## Work order:
Find every line in the records below that holds the word "Lengths", and copy it out.

(Records excerpted from a collection)
--- START ---

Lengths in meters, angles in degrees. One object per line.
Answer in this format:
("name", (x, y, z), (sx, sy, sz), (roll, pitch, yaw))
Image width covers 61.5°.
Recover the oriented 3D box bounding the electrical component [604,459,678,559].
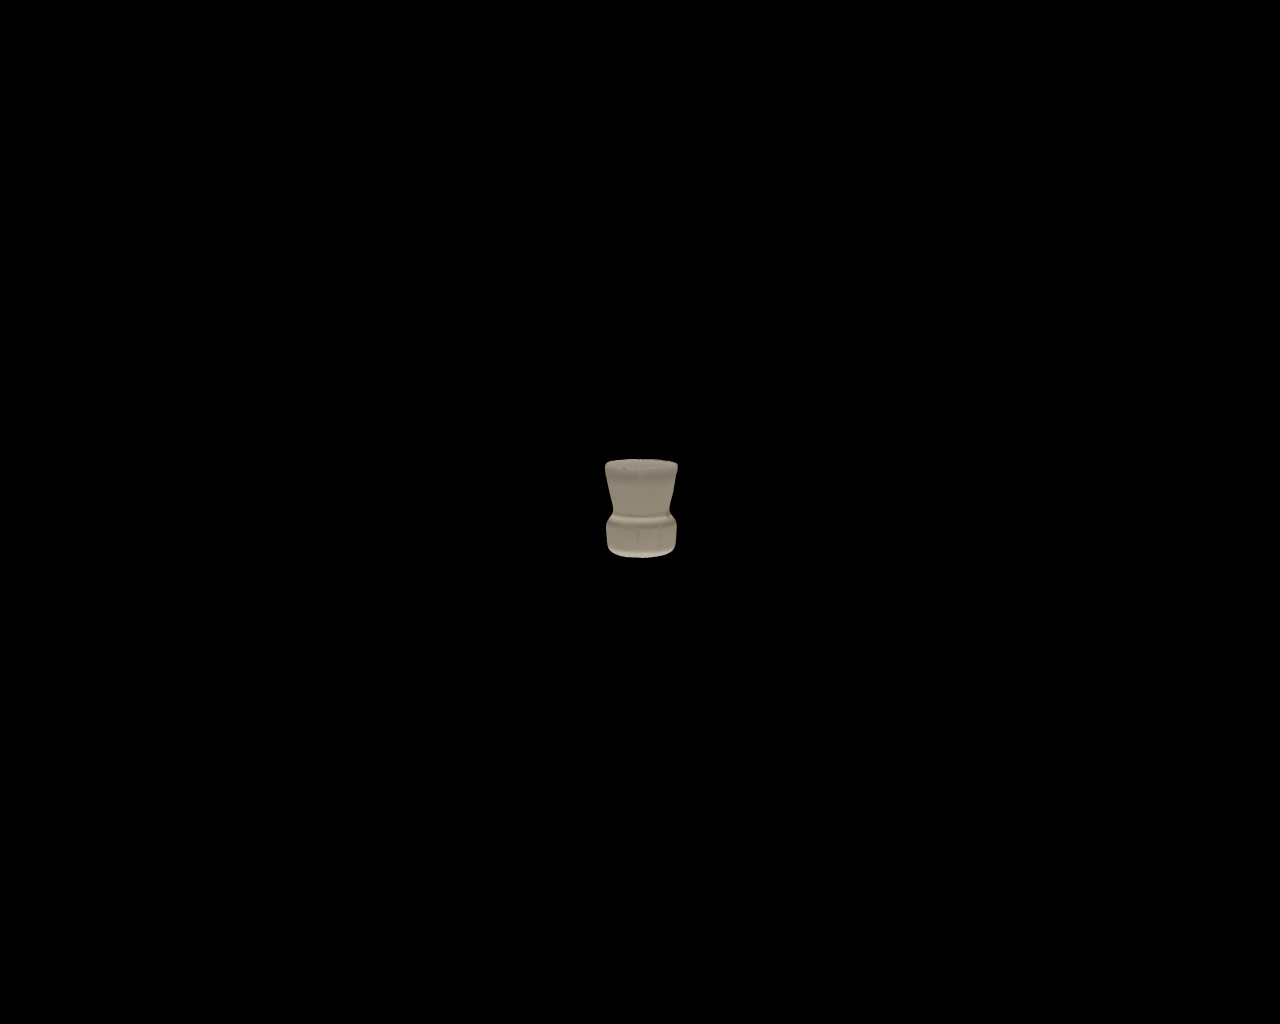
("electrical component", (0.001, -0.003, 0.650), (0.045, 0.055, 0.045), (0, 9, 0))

--- END ---
--- START ---

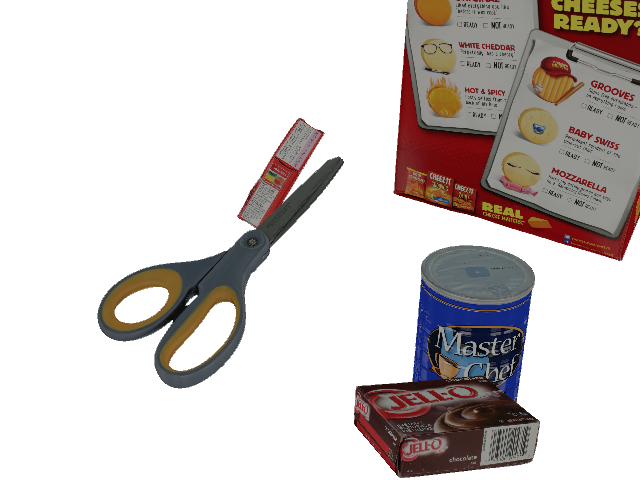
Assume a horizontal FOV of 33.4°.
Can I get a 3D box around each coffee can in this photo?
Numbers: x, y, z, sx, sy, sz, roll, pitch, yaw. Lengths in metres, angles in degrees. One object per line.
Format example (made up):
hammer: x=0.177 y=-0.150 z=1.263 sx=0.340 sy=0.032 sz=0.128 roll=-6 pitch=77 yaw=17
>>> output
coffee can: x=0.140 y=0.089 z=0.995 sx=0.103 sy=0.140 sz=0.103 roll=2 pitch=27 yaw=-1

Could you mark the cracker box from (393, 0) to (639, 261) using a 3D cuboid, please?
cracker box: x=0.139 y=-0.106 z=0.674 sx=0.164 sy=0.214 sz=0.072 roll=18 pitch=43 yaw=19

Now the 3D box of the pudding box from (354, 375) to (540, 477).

--- END ---

## Response:
Lengths in meters, angles in degrees. One object per line.
Numbers: x, y, z, sx, sy, sz, roll, pitch, yaw. Lengths in metres, angles in degrees. One object per line.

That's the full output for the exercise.